**** SUPPLIED INFORMATION ****
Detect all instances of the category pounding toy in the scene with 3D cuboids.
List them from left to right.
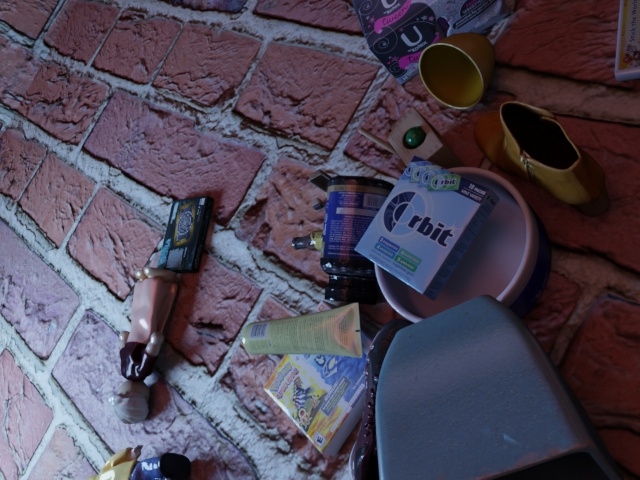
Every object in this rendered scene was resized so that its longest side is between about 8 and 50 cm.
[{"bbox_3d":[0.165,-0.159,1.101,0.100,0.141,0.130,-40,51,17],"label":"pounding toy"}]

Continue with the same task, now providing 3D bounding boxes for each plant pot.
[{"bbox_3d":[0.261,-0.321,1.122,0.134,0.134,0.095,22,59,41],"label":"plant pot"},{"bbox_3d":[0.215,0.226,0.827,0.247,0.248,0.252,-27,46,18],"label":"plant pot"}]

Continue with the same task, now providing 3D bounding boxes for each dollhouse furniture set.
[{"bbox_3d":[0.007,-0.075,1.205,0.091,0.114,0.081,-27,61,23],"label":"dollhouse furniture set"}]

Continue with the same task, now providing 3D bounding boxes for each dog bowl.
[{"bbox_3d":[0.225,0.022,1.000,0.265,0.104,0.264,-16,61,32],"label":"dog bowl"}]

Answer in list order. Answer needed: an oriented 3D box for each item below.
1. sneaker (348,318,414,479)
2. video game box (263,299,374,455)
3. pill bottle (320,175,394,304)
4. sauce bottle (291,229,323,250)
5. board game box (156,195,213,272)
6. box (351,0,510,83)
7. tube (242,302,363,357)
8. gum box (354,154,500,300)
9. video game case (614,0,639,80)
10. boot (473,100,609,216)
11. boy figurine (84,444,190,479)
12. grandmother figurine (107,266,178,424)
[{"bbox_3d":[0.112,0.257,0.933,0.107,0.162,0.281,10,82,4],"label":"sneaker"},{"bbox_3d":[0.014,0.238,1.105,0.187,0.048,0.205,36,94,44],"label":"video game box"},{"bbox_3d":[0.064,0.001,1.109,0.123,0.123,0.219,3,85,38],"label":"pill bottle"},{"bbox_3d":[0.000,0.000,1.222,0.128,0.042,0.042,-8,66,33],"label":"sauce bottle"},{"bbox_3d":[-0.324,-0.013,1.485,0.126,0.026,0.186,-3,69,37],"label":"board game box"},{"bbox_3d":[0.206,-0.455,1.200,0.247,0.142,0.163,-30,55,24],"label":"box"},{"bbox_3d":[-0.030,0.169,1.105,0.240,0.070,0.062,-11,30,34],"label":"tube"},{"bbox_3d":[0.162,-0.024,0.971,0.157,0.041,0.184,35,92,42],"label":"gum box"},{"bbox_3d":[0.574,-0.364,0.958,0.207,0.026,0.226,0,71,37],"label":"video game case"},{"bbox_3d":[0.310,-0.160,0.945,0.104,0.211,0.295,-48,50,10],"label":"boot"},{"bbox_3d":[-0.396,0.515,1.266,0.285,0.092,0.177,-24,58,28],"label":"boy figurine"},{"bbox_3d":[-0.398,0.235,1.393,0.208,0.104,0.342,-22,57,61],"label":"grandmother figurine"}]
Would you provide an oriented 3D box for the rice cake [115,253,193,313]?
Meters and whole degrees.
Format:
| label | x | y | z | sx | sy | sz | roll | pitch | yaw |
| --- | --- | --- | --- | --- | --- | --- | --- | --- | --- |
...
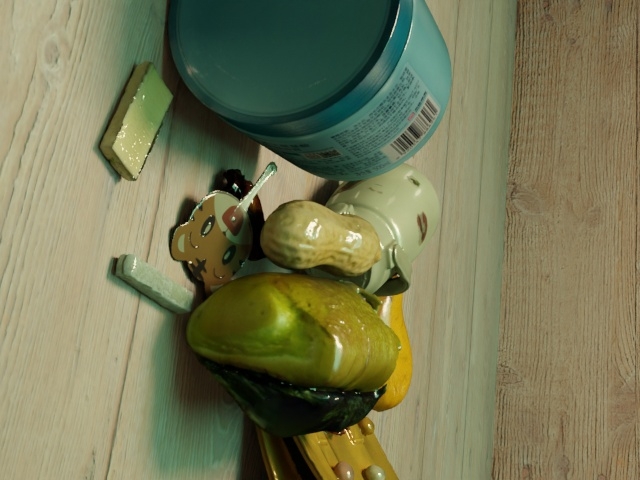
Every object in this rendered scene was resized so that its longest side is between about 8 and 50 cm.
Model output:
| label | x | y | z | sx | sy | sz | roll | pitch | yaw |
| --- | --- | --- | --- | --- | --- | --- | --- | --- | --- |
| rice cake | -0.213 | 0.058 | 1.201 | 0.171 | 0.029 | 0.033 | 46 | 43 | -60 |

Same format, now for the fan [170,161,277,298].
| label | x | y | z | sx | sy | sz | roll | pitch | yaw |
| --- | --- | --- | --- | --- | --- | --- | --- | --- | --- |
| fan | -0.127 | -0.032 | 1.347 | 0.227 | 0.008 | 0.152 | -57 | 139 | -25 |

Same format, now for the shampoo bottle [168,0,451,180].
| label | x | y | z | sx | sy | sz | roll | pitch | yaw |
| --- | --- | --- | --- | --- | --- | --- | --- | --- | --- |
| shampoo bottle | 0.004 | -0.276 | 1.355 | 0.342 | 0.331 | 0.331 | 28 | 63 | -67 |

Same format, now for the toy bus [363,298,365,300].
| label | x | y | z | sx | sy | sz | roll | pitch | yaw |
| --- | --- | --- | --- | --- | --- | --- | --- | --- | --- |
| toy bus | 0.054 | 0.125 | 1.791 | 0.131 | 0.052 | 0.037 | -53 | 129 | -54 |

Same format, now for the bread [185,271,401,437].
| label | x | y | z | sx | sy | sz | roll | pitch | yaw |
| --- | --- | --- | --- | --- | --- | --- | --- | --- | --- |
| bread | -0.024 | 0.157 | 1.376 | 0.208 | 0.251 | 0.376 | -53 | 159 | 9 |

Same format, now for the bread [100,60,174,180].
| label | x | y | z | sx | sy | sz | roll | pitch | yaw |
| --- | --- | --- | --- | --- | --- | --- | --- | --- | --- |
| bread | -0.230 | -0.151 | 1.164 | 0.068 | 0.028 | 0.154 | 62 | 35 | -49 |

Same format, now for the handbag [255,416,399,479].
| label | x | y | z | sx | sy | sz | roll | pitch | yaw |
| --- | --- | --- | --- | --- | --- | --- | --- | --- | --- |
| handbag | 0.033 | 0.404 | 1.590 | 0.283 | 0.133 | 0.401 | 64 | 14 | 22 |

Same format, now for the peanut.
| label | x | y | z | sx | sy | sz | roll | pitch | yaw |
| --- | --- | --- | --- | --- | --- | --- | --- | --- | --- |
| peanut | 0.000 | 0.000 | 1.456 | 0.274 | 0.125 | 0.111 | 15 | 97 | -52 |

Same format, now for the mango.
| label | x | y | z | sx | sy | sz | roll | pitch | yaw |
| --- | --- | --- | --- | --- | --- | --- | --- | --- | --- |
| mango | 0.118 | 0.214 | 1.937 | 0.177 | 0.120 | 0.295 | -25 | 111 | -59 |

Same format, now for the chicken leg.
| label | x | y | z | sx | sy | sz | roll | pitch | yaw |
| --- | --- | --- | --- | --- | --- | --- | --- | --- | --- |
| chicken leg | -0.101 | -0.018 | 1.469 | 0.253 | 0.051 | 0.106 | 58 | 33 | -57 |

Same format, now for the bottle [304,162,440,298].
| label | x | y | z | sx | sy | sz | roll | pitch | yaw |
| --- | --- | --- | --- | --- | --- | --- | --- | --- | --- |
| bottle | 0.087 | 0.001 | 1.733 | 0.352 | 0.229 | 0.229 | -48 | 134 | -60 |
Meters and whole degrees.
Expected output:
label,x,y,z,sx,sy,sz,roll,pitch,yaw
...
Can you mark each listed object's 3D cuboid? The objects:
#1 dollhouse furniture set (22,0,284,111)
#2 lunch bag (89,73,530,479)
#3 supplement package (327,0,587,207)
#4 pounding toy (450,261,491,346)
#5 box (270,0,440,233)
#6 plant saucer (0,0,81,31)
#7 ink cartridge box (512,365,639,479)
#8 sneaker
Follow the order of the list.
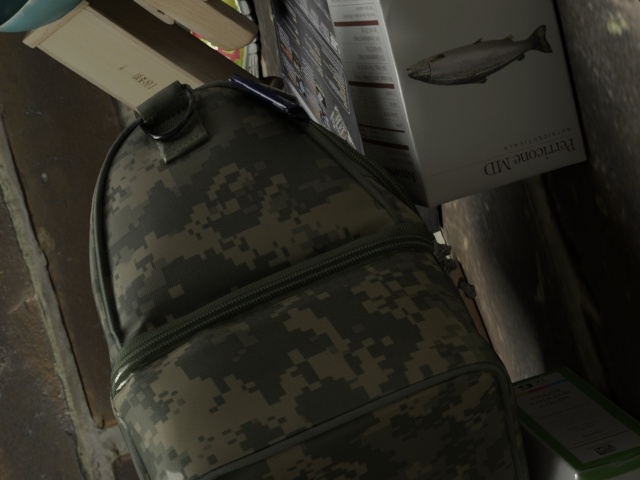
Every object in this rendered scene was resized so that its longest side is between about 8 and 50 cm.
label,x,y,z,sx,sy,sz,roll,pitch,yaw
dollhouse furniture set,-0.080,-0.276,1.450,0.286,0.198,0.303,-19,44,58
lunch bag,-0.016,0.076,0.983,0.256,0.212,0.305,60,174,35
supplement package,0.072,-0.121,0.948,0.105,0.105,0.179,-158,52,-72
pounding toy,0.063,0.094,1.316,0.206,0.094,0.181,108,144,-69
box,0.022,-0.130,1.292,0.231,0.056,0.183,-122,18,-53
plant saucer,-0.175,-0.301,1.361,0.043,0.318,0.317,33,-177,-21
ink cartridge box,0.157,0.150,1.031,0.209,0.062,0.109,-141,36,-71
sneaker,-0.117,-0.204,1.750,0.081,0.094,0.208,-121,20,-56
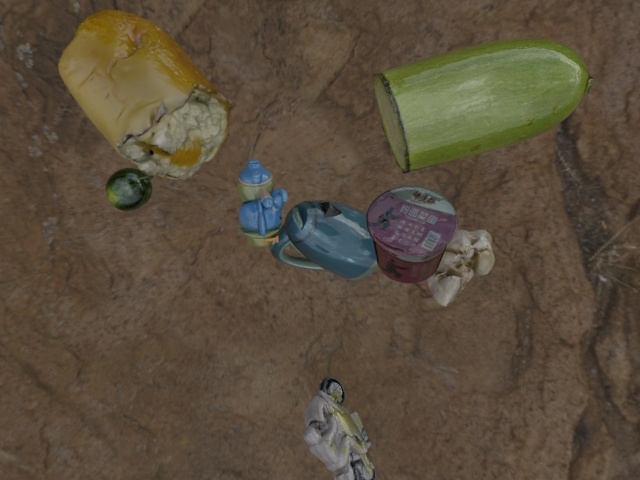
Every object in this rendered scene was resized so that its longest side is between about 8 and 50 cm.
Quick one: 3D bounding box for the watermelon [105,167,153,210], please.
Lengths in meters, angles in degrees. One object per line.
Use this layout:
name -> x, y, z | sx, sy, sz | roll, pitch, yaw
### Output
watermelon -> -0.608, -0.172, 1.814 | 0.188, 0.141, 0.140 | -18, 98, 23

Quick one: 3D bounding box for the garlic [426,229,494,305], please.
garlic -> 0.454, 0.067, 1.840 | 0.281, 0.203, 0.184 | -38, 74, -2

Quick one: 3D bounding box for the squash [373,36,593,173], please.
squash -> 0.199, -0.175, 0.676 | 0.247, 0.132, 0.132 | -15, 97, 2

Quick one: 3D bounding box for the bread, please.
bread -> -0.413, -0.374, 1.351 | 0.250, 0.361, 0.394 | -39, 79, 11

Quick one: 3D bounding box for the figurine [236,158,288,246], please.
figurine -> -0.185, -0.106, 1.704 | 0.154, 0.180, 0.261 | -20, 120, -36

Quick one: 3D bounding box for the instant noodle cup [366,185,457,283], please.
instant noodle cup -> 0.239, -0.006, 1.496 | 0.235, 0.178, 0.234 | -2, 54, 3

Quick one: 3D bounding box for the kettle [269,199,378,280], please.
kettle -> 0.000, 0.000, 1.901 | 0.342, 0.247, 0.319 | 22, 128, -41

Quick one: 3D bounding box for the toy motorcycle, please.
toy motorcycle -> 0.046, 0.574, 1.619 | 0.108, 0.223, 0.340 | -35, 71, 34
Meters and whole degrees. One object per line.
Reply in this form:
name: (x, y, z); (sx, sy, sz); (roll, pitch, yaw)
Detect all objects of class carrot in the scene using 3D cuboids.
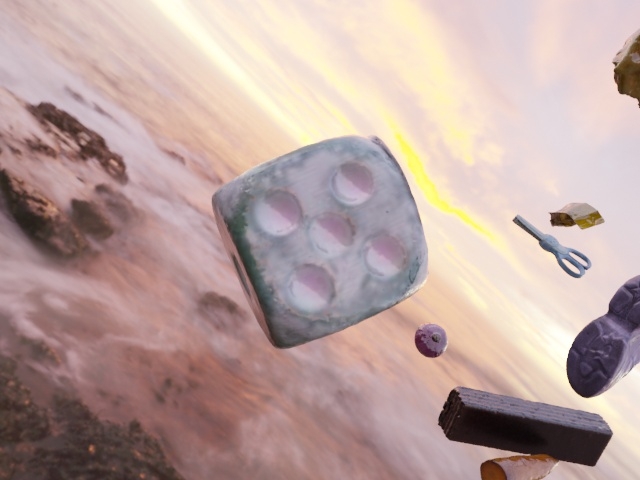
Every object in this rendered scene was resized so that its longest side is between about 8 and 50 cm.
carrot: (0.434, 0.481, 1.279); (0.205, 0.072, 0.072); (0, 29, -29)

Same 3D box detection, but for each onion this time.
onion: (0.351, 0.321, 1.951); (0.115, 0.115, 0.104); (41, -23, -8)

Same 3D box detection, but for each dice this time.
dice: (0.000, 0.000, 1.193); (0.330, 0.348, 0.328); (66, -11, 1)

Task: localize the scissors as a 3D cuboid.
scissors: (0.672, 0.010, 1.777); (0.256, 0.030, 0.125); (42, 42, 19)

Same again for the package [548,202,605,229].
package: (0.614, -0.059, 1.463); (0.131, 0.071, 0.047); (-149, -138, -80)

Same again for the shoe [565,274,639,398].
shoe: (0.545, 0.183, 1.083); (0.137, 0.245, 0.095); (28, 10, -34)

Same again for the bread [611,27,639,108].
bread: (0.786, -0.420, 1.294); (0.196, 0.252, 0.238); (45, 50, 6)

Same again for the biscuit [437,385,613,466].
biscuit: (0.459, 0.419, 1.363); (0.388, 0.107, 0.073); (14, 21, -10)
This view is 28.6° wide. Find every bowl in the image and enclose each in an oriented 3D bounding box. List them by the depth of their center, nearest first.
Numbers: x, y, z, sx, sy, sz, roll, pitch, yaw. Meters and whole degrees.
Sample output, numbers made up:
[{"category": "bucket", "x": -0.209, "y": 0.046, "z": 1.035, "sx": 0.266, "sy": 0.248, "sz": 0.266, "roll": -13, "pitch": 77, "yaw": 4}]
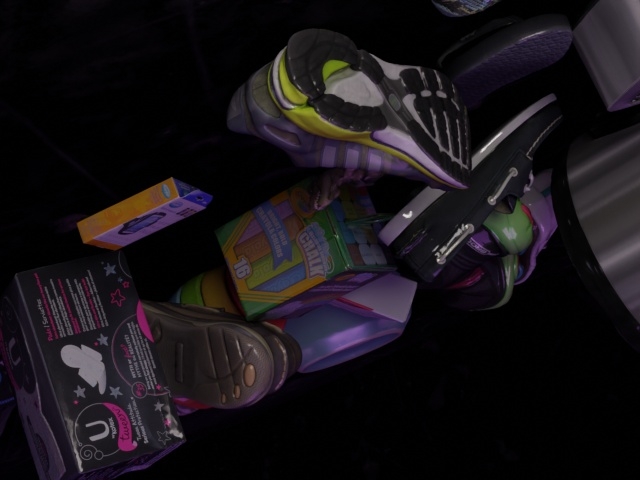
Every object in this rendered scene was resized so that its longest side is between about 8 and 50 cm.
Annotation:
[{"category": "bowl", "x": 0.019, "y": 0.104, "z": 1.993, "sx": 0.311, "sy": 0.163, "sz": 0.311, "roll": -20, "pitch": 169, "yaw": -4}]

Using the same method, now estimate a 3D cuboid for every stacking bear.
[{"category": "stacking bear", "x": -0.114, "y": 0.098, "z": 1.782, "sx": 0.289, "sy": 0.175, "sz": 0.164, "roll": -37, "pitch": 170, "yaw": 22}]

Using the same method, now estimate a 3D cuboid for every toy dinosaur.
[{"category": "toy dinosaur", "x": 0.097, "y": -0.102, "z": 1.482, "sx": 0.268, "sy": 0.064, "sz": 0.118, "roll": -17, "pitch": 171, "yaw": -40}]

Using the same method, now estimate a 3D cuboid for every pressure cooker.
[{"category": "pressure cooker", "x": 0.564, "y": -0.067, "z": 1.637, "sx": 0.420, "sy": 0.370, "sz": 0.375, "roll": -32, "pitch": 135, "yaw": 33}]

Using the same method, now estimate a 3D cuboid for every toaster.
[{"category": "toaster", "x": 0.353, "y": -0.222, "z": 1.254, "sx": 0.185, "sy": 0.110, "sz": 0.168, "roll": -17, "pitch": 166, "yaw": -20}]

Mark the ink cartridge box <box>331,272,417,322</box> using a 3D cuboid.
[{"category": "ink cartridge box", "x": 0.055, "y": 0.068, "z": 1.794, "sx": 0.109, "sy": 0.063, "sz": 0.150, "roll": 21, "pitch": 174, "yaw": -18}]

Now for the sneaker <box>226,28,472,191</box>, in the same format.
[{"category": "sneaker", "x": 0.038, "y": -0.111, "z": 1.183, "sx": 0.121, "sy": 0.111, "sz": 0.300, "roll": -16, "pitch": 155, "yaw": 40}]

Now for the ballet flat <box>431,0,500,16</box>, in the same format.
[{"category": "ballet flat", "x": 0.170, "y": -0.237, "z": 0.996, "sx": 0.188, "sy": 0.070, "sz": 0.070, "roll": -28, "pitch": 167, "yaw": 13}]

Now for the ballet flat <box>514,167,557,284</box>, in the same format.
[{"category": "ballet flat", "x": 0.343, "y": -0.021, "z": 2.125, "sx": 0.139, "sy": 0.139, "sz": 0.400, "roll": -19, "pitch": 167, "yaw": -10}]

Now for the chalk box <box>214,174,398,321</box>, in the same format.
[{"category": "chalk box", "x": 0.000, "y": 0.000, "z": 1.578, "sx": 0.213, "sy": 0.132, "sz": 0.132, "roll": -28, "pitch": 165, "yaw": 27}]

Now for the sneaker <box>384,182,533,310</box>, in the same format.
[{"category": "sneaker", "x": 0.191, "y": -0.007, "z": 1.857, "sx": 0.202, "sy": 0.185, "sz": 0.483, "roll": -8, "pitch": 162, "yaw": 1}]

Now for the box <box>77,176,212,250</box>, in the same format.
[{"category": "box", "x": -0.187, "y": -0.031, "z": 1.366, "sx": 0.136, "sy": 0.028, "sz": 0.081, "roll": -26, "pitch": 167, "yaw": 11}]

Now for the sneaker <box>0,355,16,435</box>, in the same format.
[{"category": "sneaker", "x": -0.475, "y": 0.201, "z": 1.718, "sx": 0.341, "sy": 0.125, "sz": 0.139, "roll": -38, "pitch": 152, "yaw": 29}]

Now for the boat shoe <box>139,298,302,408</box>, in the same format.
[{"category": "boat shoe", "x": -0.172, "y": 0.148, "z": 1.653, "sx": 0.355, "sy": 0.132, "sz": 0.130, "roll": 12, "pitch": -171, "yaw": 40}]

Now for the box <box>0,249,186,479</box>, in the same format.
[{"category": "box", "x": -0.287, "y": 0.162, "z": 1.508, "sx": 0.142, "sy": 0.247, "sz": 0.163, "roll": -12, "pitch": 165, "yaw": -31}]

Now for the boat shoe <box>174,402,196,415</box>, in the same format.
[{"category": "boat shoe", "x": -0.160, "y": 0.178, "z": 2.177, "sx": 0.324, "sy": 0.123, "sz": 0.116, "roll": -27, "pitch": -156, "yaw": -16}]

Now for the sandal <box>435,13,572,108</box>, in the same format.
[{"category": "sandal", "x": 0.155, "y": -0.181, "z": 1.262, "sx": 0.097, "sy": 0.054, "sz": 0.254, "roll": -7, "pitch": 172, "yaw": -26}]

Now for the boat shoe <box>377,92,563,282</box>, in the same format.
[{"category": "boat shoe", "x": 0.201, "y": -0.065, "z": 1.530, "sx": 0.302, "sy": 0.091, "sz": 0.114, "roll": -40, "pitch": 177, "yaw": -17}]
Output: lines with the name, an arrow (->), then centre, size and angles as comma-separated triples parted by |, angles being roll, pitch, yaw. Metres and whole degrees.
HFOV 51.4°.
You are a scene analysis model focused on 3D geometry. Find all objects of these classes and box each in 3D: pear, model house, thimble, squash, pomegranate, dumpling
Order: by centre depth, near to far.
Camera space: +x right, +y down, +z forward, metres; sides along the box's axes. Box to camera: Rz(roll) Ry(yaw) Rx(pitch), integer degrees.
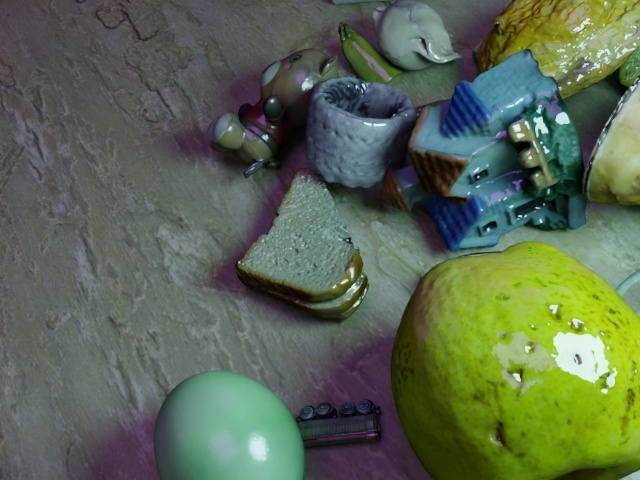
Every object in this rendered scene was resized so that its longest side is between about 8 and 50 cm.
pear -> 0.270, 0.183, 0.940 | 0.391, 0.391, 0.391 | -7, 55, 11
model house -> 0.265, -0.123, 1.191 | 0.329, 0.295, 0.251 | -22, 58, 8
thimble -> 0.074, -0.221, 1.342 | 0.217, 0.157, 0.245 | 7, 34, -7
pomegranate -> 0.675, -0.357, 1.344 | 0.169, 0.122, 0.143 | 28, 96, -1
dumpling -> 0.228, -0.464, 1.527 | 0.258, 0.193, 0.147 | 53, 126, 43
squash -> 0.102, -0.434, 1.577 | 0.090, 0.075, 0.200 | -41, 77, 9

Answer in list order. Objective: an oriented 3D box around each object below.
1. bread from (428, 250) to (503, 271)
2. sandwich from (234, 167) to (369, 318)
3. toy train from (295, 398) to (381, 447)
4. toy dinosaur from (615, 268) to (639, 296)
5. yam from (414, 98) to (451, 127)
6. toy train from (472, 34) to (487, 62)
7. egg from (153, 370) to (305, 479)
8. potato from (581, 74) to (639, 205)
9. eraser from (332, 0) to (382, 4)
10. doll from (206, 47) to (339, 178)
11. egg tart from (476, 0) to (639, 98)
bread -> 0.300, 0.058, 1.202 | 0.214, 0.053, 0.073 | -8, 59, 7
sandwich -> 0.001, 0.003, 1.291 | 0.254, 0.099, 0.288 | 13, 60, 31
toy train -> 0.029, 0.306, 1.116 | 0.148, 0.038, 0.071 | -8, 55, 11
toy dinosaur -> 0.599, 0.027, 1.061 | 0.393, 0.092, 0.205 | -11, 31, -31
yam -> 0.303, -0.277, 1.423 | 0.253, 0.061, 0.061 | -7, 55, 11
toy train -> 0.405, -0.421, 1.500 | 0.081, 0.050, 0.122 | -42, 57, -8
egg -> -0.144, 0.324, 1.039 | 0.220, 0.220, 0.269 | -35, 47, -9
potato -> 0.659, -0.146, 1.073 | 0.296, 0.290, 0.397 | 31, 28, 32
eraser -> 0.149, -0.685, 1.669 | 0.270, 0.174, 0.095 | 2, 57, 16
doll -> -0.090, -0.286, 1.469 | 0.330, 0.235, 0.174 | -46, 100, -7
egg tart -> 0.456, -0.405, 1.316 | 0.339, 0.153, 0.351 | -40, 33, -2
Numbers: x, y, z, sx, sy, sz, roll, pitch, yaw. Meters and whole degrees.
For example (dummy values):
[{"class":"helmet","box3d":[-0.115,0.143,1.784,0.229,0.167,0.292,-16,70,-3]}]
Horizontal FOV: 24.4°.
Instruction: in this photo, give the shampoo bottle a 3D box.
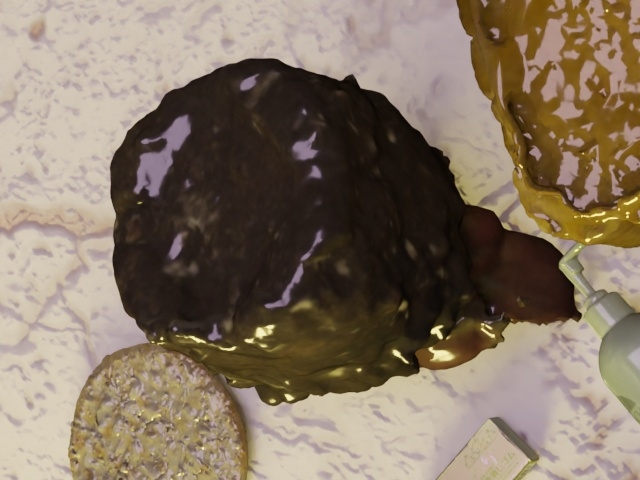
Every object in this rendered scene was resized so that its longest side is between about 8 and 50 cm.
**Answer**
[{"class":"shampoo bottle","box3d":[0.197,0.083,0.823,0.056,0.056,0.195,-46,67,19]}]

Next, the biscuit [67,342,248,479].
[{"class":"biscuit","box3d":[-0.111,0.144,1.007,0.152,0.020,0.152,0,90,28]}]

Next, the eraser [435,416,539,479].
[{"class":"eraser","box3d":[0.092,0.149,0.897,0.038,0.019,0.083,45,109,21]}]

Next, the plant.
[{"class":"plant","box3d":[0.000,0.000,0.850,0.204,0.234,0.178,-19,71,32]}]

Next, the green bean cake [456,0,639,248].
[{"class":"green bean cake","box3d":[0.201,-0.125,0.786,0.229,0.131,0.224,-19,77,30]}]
****
● ASSIGNED TASK:
Copy the lines starting at the line that contains "Instruction: in this" and running to the final line of the entries, inclusive; omit all pictures.

● SOLVED PROBLEM:
Instruction: in this photo, give the shampoo bottle a 3D box.
Every object in this rendered scene was resized so that its longest side is between about 8 and 50 cm.
**Answer**
[{"class":"shampoo bottle","box3d":[0.197,0.083,0.823,0.056,0.056,0.195,-46,67,19]}]

Next, the biscuit [67,342,248,479].
[{"class":"biscuit","box3d":[-0.111,0.144,1.007,0.152,0.020,0.152,0,90,28]}]

Next, the eraser [435,416,539,479].
[{"class":"eraser","box3d":[0.092,0.149,0.897,0.038,0.019,0.083,45,109,21]}]

Next, the plant.
[{"class":"plant","box3d":[0.000,0.000,0.850,0.204,0.234,0.178,-19,71,32]}]

Next, the green bean cake [456,0,639,248].
[{"class":"green bean cake","box3d":[0.201,-0.125,0.786,0.229,0.131,0.224,-19,77,30]}]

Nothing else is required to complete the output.